Traditional HR: Ownership-focused
However, right now the traditional view on HR is that it’s all about job requisition and retainment. The job requisition process looks something like this: The job description and role qualification is specified, formulated, and shared across recruitment platforms. Once the candidates are found, they’re invited to interviews, and then passed on to hiring managers who make the final decision. This process takes 42 days on average, according to the Human Capital Benchmarking Report from 2016. After that, it takes 8 months for a new employee to reach full productivity, according to a study from Harvard Business Review.

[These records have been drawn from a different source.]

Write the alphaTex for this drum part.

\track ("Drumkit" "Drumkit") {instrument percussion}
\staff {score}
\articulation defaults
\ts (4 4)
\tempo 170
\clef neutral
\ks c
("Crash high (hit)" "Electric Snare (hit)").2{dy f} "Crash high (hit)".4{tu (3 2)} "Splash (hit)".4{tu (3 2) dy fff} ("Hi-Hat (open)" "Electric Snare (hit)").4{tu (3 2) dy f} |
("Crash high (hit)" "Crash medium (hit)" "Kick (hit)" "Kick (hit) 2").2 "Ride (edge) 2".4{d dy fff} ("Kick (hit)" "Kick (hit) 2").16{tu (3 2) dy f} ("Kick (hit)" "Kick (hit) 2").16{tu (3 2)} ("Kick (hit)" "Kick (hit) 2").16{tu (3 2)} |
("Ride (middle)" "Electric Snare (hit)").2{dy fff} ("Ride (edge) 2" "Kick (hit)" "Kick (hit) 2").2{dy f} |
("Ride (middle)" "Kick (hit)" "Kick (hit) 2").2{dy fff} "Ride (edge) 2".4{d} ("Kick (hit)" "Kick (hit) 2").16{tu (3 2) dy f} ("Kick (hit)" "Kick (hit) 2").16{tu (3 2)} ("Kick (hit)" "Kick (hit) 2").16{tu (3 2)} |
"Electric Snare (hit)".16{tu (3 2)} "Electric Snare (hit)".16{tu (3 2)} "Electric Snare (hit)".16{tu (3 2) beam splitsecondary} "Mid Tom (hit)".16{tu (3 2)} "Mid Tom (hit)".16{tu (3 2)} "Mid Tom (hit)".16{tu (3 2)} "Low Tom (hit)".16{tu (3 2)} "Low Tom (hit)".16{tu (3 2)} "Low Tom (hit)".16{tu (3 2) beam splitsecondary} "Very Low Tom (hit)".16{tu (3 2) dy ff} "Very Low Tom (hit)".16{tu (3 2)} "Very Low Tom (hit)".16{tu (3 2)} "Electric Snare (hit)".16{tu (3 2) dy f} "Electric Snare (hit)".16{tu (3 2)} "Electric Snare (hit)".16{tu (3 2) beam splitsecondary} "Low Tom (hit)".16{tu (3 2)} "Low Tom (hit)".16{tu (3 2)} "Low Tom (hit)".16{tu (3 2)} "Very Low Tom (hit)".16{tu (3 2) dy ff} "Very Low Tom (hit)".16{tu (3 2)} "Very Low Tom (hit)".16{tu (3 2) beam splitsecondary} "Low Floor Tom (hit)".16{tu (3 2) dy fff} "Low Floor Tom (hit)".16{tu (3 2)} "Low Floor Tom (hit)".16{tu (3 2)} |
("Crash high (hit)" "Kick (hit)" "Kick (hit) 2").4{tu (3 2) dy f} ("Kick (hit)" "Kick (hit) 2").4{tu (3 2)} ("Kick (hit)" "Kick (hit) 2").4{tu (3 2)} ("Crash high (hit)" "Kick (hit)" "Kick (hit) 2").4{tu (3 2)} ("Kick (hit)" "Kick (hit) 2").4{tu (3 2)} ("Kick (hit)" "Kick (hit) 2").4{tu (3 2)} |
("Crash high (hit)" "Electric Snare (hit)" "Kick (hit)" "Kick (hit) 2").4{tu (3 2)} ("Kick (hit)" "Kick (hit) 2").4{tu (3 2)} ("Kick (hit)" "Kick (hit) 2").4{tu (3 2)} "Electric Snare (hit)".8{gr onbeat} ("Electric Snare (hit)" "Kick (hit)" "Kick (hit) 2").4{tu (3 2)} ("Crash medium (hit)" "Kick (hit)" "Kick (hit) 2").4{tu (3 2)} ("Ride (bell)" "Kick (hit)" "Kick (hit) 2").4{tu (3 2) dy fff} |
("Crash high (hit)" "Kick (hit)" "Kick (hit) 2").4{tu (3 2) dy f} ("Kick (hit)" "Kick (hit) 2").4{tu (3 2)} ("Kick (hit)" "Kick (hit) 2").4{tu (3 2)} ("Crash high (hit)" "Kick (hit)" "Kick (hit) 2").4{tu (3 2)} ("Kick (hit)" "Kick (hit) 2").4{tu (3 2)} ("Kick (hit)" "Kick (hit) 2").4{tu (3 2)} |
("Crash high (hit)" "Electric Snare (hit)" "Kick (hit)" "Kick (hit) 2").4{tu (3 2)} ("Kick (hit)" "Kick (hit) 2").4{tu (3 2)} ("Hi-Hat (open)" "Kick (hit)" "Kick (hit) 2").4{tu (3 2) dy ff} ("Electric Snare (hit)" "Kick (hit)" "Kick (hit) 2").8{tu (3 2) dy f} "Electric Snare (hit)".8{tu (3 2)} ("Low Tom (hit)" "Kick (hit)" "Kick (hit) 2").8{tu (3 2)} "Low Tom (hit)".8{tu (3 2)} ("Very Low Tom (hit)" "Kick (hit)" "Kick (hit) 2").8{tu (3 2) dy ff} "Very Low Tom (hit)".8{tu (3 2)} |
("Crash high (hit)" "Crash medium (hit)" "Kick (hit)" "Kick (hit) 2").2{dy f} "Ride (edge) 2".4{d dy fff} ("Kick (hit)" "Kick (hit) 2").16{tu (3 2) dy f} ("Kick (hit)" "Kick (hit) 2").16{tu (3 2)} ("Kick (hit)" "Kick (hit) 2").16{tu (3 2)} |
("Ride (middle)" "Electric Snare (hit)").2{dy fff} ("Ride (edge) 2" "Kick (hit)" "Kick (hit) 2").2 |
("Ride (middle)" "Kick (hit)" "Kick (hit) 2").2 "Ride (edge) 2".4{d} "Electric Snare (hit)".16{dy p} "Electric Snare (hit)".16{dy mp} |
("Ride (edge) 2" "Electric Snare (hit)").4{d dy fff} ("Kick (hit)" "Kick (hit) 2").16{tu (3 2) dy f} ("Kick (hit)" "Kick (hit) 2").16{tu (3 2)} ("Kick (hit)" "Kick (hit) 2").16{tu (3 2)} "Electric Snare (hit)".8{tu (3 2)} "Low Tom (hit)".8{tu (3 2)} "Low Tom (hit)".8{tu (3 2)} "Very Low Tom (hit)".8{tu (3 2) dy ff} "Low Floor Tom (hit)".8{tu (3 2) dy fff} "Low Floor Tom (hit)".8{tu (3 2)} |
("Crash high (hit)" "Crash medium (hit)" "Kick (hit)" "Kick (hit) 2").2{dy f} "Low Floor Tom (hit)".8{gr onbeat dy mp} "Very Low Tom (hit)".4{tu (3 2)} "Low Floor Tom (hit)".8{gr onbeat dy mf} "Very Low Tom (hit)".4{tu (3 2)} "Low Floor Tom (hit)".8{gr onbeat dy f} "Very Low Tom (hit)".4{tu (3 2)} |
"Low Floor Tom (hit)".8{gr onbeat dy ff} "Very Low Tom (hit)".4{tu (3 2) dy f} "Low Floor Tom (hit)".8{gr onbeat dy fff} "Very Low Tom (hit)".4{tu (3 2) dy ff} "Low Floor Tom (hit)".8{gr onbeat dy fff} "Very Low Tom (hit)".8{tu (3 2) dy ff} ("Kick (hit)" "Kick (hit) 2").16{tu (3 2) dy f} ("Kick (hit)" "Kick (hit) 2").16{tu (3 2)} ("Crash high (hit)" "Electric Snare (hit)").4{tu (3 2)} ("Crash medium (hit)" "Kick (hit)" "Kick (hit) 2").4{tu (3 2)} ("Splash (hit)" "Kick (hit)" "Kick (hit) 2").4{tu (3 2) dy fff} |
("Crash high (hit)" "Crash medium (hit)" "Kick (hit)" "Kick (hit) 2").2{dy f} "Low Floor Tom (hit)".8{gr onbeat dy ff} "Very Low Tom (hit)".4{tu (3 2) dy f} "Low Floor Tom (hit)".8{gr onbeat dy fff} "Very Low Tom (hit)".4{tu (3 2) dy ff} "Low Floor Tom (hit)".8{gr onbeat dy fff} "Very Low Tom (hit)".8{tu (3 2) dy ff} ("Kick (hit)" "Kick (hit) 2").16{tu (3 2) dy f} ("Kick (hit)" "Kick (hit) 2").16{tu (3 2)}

If you’re an employer, this gives you approximately 9,5 months before your new-hire is at a satisfactory level. Many HR leaders recognize that this process is inefficient, but argue that the process should be viewed as a long-term investment in retaining employees’ skills within the organization. Unfortunately, that’s the wrong way to look at it, taking into consideration all the game changers we are currently experiencing in the labor market.

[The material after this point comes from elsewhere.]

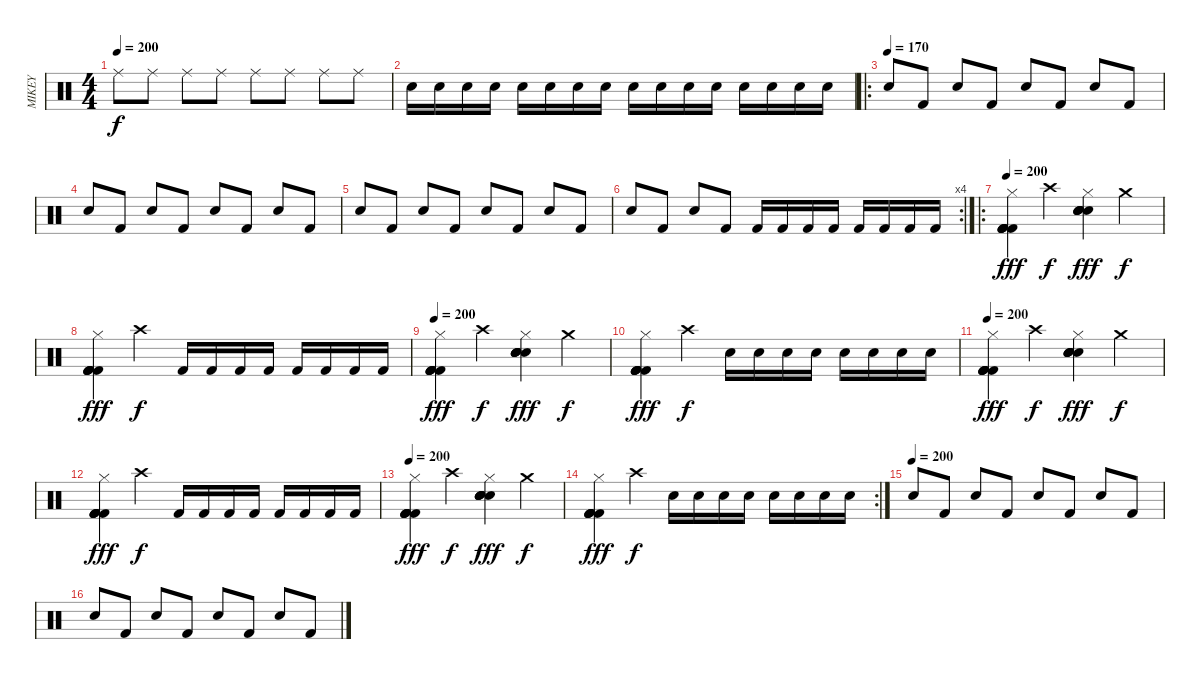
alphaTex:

Technological developments are disrupting the traditional labor market. Automation, artificial intelligence, and robotics are becoming a more and more integrated part of our daily lives. This trend is dismantling the traditional employment, and creating a more disrupted workforce, focused on shorter and more flexible employments. According to the IDC, in the next five years, 45 percent of workers in Europe will be self employed, either completely or in combination with another job. This trend is already prevalent in the EU, where the freelance segment is the largest growing segment, according to EFIP.

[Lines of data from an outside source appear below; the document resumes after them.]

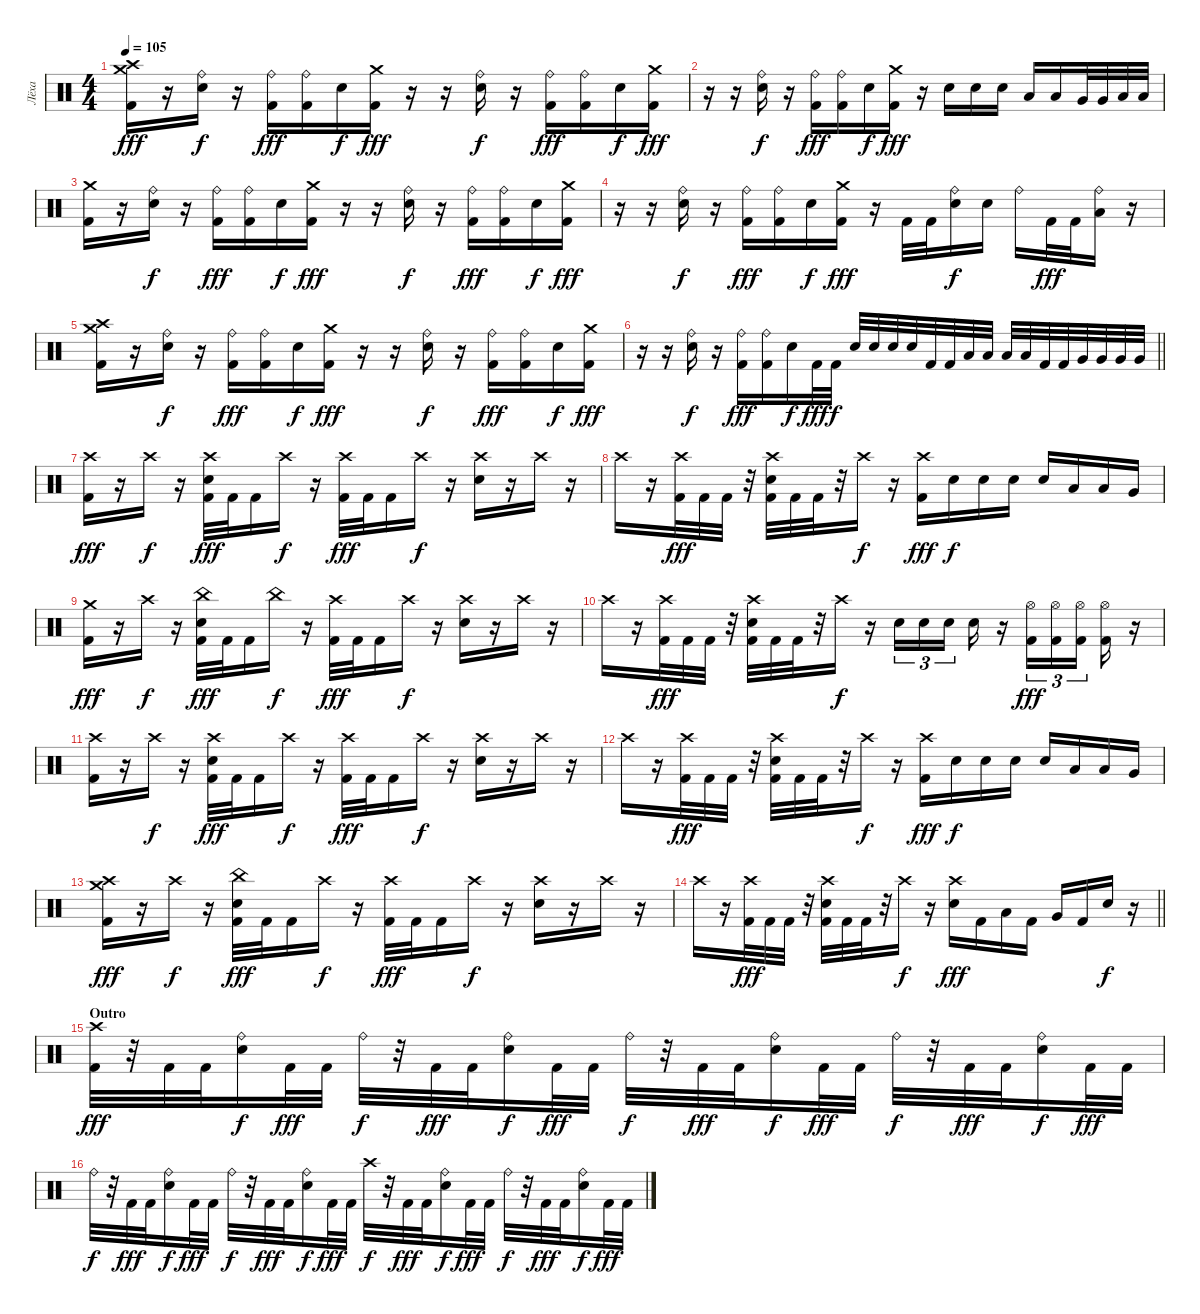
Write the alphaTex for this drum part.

\track ("Лёха" "Лёха") {solo instrument percussion}
\staff {score}
\articulation defaults
\ts (4 4)
\section ("" "")
\tempo 105
\clef neutral
\ks c
("Crash high (hit)" "Crash medium (hit)" "Kick (hit) 2").16{dy fff} r.16 ("Ride (bell)" "Electric Snare (hit)").16{dy f} r.16 ("Ride (bell)" "Kick (hit) 2").16{dy fff} ("Ride (bell)" "Kick (hit) 2").16 "Electric Snare (hit)".16{dy f} ("Crash medium (hit)" "Kick (hit) 2").16{dy fff} r.16 r.16 ("Ride (bell)" "Electric Snare (hit)").16{dy f} r.16 ("Ride (bell)" "Kick (hit) 2").16{dy fff} ("Ride (bell)" "Kick (hit) 2").16 "Electric Snare (hit)".16{dy f} ("Crash medium (hit)" "Kick (hit) 2").16{dy fff} |
r.16 r.16 ("Ride (bell)" "Electric Snare (hit)").16{dy f} r.16 ("Ride (bell)" "Kick (hit) 2").16{dy fff} ("Ride (bell)" "Kick (hit) 2").16 "Electric Snare (hit)".16{dy f} ("Crash medium (hit)" "Kick (hit) 2").16{dy fff} r.16 "Electric Snare (hit)".16 "Electric Snare (hit)".16 "Electric Snare (hit)".16 "Low Tom (hit)".16 "Low Tom (hit)".16 "Very Low Tom (hit)".32 "Very Low Tom (hit)".32 "Low Floor Tom (hit)".32 "Low Floor Tom (hit)".32 |
("Crash medium (hit)" "Kick (hit) 2").16 r.16 ("Ride (bell)" "Electric Snare (hit)").16{dy f} r.16 ("Ride (bell)" "Kick (hit) 2").16{dy fff} ("Ride (bell)" "Kick (hit) 2").16 "Electric Snare (hit)".16{dy f} ("Crash medium (hit)" "Kick (hit) 2").16{dy fff} r.16 r.16 ("Ride (bell)" "Electric Snare (hit)").16{dy f} r.16 ("Ride (bell)" "Kick (hit) 2").16{dy fff} ("Ride (bell)" "Kick (hit) 2").16 "Electric Snare (hit)".16{dy f} ("Crash medium (hit)" "Kick (hit) 2").16{dy fff} |
r.16 r.16 ("Ride (bell)" "Electric Snare (hit)").16{dy f} r.16 ("Ride (bell)" "Kick (hit) 2").16{dy fff} ("Ride (bell)" "Kick (hit) 2").16 "Electric Snare (hit)".16{dy f} ("Crash medium (hit)" "Kick (hit) 2").16{dy fff} r.16 "Kick (hit) 2".32 "Kick (hit) 2".32 ("Ride (bell)" "Electric Snare (hit)").16{dy f} "Electric Snare (hit)".16 "Ride (bell)".16 "Kick (hit) 2".32{dy fff} "Kick (hit) 2".32 ("Ride (bell)" "Low Tom (hit)").16 r.16 |
("Crash high (hit)" "Crash medium (hit)" "Kick (hit) 2").16 r.16 ("Ride (bell)" "Electric Snare (hit)").16{dy f} r.16 ("Ride (bell)" "Kick (hit) 2").16{dy fff} ("Ride (bell)" "Kick (hit) 2").16 "Electric Snare (hit)".16{dy f} ("Crash medium (hit)" "Kick (hit) 2").16{dy fff} r.16 r.16 ("Ride (bell)" "Electric Snare (hit)").16{dy f} r.16 ("Ride (bell)" "Kick (hit) 2").16{dy fff} ("Ride (bell)" "Kick (hit) 2").16 "Electric Snare (hit)".16{dy f} ("Crash medium (hit)" "Kick (hit) 2").16{dy fff} |
\barLineRight lightlight
r.16 r.16 ("Ride (bell)" "Electric Snare (hit)").16{dy f} r.16 ("Ride (bell)" "Kick (hit) 2").16{dy fff} ("Ride (bell)" "Kick (hit) 2").16 "Electric Snare (hit)".16{dy f} "Kick (hit) 2".32{dy fff} "Kick (hit) 2".32{dy f} "Electric Snare (hit)".32 "Electric Snare (hit)".32 "Electric Snare (hit)".32 "Electric Snare (hit)".32 "Kick (hit) 2".32 "Kick (hit) 2".32 "Low Tom (hit)".32 "Low Tom (hit)".32 "Low Tom (hit)".32 "Low Tom (hit)".32 "Kick (hit) 2".32 "Kick (hit) 2".32 "Very Low Tom (hit)".32 "Very Low Tom (hit)".32 "Very Low Tom (hit)".32 "Very Low Tom (hit)".32 |
\section ("" "")
("Crash high (hit)" "Kick (hit) 2").16{dy fff} r.16 "Crash high (hit)".16{dy f} r.16 ("Crash high (hit)" "Electric Snare (hit)" "Kick (hit) 2").32{dy fff} "Kick (hit) 2".32 "Kick (hit) 2".16 "Crash high (hit)".16{dy f} r.16 ("Crash high (hit)" "Kick (hit) 2").32{dy fff} "Kick (hit) 2".32 "Kick (hit) 2".16 "Crash high (hit)".16{dy f} r.16 ("Crash high (hit)" "Electric Snare (hit)").16 r.16 "Crash high (hit)".16 r.16 |
"Crash high (hit)".16 r.16 ("Crash high (hit)" "Kick (hit) 2").32{dy fff} "Kick (hit) 2".32 "Kick (hit) 2".32 r.32 ("Crash high (hit)" "Electric Snare (hit)" "Kick (hit) 2").32 "Kick (hit) 2".32 "Kick (hit) 2".32 r.32 "Crash high (hit)".16{dy f} r.16 ("Crash high (hit)" "Kick (hit) 2").16{dy fff} "Electric Snare (hit)".16{dy f} "Electric Snare (hit)".16 "Electric Snare (hit)".16 "Electric Snare (hit)".16 "Low Tom (hit)".16 "Low Tom (hit)".16 "Very Low Tom (hit)".16 |
("Crash medium (hit)" "Kick (hit) 2").16{dy fff} r.16 "Crash high (hit)".16{dy f} r.16 ("China (hit)" "Electric Snare (hit)" "Kick (hit) 2").32{dy fff} "Kick (hit) 2".32 "Kick (hit) 2".16 "China (hit)".16{dy f} r.16 ("Crash high (hit)" "Kick (hit) 2").32{dy fff} "Kick (hit) 2".32 "Kick (hit) 2".16 "Crash high (hit)".16{dy f} r.16 ("Crash high (hit)" "Electric Snare (hit)").16 r.16 "Crash high (hit)".16 r.16 |
"Crash high (hit)".16 r.16 ("Crash high (hit)" "Kick (hit) 2").32{dy fff} "Kick (hit) 2".32 "Kick (hit) 2".32 r.32 ("Crash high (hit)" "Electric Snare (hit)" "Kick (hit) 2").32 "Kick (hit) 2".32 "Kick (hit) 2".32 r.32 "Crash high (hit)".16{dy f} r.16 "Electric Snare (hit)".16{tu (3 2)} "Electric Snare (hit)".16{tu (3 2)} "Electric Snare (hit)".16{tu (3 2) beam splitsecondary} "Electric Snare (hit)".16 r.16 ("Hi-Hat (open)" "Kick (hit) 2").16{tu (3 2) dy fff} ("Hi-Hat (open)" "Kick (hit) 2").16{tu (3 2)} ("Hi-Hat (open)" "Kick (hit) 2").16{tu (3 2) beam splitsecondary} ("Hi-Hat (open)" "Kick (hit) 2").16 r.16 |
("Crash high (hit)" "Kick (hit) 2").16 r.16 "Crash high (hit)".16{dy f} r.16 ("Crash high (hit)" "Electric Snare (hit)" "Kick (hit) 2").32{dy fff} "Kick (hit) 2".32 "Kick (hit) 2".16 "Crash high (hit)".16{dy f} r.16 ("Crash high (hit)" "Kick (hit) 2").32{dy fff} "Kick (hit) 2".32 "Kick (hit) 2".16 "Crash high (hit)".16{dy f} r.16 ("Crash high (hit)" "Electric Snare (hit)").16 r.16 "Crash high (hit)".16 r.16 |
"Crash high (hit)".16 r.16 ("Crash high (hit)" "Kick (hit) 2").32{dy fff} "Kick (hit) 2".32 "Kick (hit) 2".32 r.32 ("Crash high (hit)" "Electric Snare (hit)" "Kick (hit) 2").32 "Kick (hit) 2".32 "Kick (hit) 2".32 r.32 "Crash high (hit)".16{dy f} r.16 ("Crash high (hit)" "Kick (hit) 2").16{dy fff} "Electric Snare (hit)".16{dy f} "Electric Snare (hit)".16 "Electric Snare (hit)".16 "Electric Snare (hit)".16 "Low Tom (hit)".16 "Low Tom (hit)".16 "Very Low Tom (hit)".16 |
("Crash high (hit)" "Crash medium (hit)" "Kick (hit) 2").16{dy fff} r.16 "Crash high (hit)".16{dy f} r.16 ("China (hit)" "Electric Snare (hit)" "Kick (hit) 2").32{dy fff} "Kick (hit) 2".32 "Kick (hit) 2".16 "Crash high (hit)".16{dy f} r.16 ("Crash high (hit)" "Kick (hit) 2").32{dy fff} "Kick (hit) 2".32 "Kick (hit) 2".16 "Crash high (hit)".16{dy f} r.16 ("Crash high (hit)" "Electric Snare (hit)").16 r.16 "Crash high (hit)".16 r.16 |
\barLineRight lightlight "Crash high (hit)".16
r.16 ("Crash high (hit)" "Kick (hit) 2").32{dy fff} "Kick (hit) 2".32 "Kick (hit) 2".32 r.32 ("Crash high (hit)" "Electric Snare (hit)" "Kick (hit) 2").32 "Kick (hit) 2".32 "Kick (hit) 2".32 r.32 "Crash high (hit)".16{dy f} r.16 ("Crash high (hit)" "Electric Snare (hit)").16{dy fff} "Kick (hit) 2".16 "Low Tom (hit)".16 "Kick (hit) 2".16 "Very Low Tom (hit)".16 "Kick (hit) 2".16 "Electric Snare (hit)".16{dy f} r.16 |
\section ("" "Outro")
("Crash high (hit)" "Kick (hit) 2").32{dy fff} r.32 "Kick (hit) 2".32 "Kick (hit) 2".32 ("Ride (bell)" "Electric Snare (hit)").16{dy f} "Kick (hit) 2".32{dy fff} "Kick (hit) 2".32 "Ride (bell)".32{dy f} r.32 "Kick (hit) 2".32{dy fff} "Kick (hit) 2".32 ("Ride (bell)" "Electric Snare (hit)").16{dy f} "Kick (hit) 2".32{dy fff} "Kick (hit) 2".32 "Ride (bell)".32{dy f} r.32 "Kick (hit) 2".32{dy fff} "Kick (hit) 2".32 ("Ride (bell)" "Electric Snare (hit)").16{dy f} "Kick (hit) 2".32{dy fff} "Kick (hit) 2".32 "Ride (bell)".32{dy f} r.32 "Kick (hit) 2".32{dy fff} "Kick (hit) 2".32 ("Ride (bell)" "Electric Snare (hit)").16{dy f} "Kick (hit) 2".32{dy fff} "Kick (hit) 2".32 |
"Ride (bell)".32{dy f} r.32 "Kick (hit) 2".32{dy fff} "Kick (hit) 2".32 ("Ride (bell)" "Electric Snare (hit)").16{dy f} "Kick (hit) 2".32{dy fff} "Kick (hit) 2".32 "Ride (bell)".32{dy f} r.32 "Kick (hit) 2".32{dy fff} "Kick (hit) 2".32 ("Ride (bell)" "Electric Snare (hit)").16{dy f} "Kick (hit) 2".32{dy fff} "Kick (hit) 2".32 "Crash high (hit)".32{dy f} r.32 "Kick (hit) 2".32{dy fff} "Kick (hit) 2".32 ("Ride (bell)" "Electric Snare (hit)").16{dy f} "Kick (hit) 2".32{dy fff} "Kick (hit) 2".32 "Ride (bell)".32{dy f} r.32 "Kick (hit) 2".32{dy fff} "Kick (hit) 2".32 ("Ride (bell)" "Electric Snare (hit)").16{dy f} "Kick (hit) 2".32{dy fff} "Kick (hit) 2".32

This trend combined with the fact that almost 33 percent of new hires look for a new job within the first 6 months on the job, makes traditional retainment-thinking unsustainable. Combine that with the fact that 23 percent of new employees leave the company before their first anniversary, according to numbers from Harvard Business Review.
Agile HR: Acces-focused
Instead, HR leaders must think of recruitment and retainment as an agile process, consisting of dynamic elements that can be adapted quickly to new challenges and opportunities. In today’s world, HR is about accessing the best talent, not about owning them.
How do you do this?
You tap into the market trends, and start thinking about how your company can benefit from the rise in the liquid workforce. For example, your company might need a software programmer for a new elaborate feature on the website. Or, your company may be in demand of someone who can take care of the graphical design of a new campaign. Or, it may need a professional text-writer to do an e-book on an industry-specific topic.
All of these problems are time and project specific, and can be solved efficiently by hiring a qualified freelancer to do the job. This allows your company to scale up and down on staff according to its business’ needs.
is about adapting the hiring model to today’s market – not about discarding the traditional full-time employment. It’s about looking at your business’ needs and identifying how they could be solved most efficiently and with the greatest value-add.
But agile HR is not just about looking at resources. It’s also about how it mobilizes itself. Agile HR departments organize themselves into small, cross-functional teams that mobilize quickly, are flexible, and able to adapt to changes quickly. Big annual plans act as constraints rather than enablers. Comparing output of work to a plan that is no longer viable is pointless and an outdated method. Rather, agile HR departments focus is on how they contribute value to the company and the end user in the most efficient way.
There’s a true benefit to being agile in HR. Research from McKinsey shows that agile organizations have a 70 percent chance of being the top performers in terms of organizational health, the best indicator of long-term performance. Further, such companies also gain greater customer centricity, faster time to market, higher revenue growth, lower costs, and a more engaged workforce.
30 percent of European enterprises will in the next five years move from traditional talent sourcing strategies and models towards digital and task-oriented approaches, integrating online communities and platforms to acquire skills and temporary staff, according to IDC. The front-runners in agile HR will also be the ones who are most likely to stay competitive over the long run.
Is agile HR part of your company’s strategy?